Staff Sgt. Christian Dixon, 375th Operations Support Squadron aircraft operations NCO in charge, restocks a C-21 with safety equipment Nov. 13 at Scott AFB. Aircrew Flight equipment is responsible for making sure that aircraft have all the appropriate safety equipment necessary to keep aircrew and pilots safe. Photo by Airman 1st Nathaniel Hudson
Staff Sgt. Christian Dixon, 375th Operations Support Squadron aircraft operations NCO in charge, restocks a C-21 with safety equipment Nov. 13 at Scott AFB. Aircrew Flight equipment is responsible for making sure that aircraft have all the appropriate safety equipment necessary to keep aircrew and pilots safe. Photo by Airman 1st Nathaniel Hudson

The 375th Operations Support Squadron’s aircrew flight equipment flight is responsible for making sure that Scott AFB aircrew have the equipment they need to fly their missions safely.
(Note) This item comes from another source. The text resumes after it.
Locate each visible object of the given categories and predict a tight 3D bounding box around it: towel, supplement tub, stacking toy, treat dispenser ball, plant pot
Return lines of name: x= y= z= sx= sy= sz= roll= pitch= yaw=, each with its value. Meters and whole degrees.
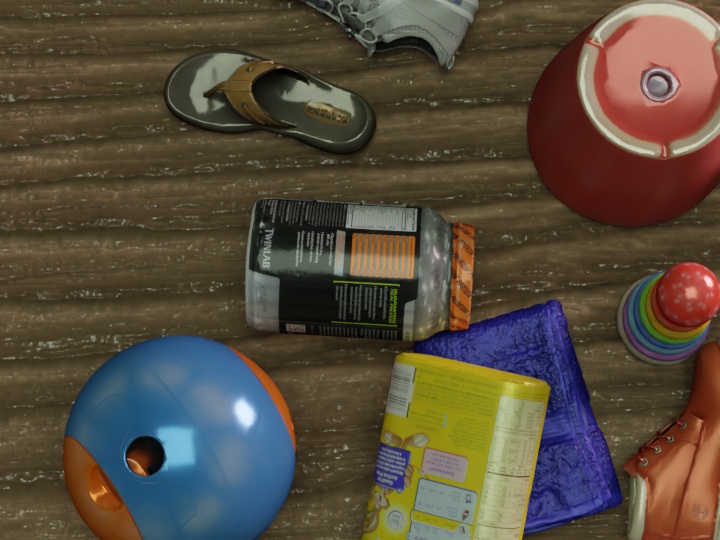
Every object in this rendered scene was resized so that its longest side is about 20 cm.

“AFE is working on lifesaving equipment that goes on the aircraft in the event of an emergency,” said Tech. Sgt. Levi Higdon, 375th OSS AFE craftsman. “This is the equipment that people rely on when they’re experiencing the worst day of their life.”

AFE is working on lifesaving equipment that goes on the aircraft in the event of an emergency. This is the equipment that people rely on when they’re experiencing the worst day of their life.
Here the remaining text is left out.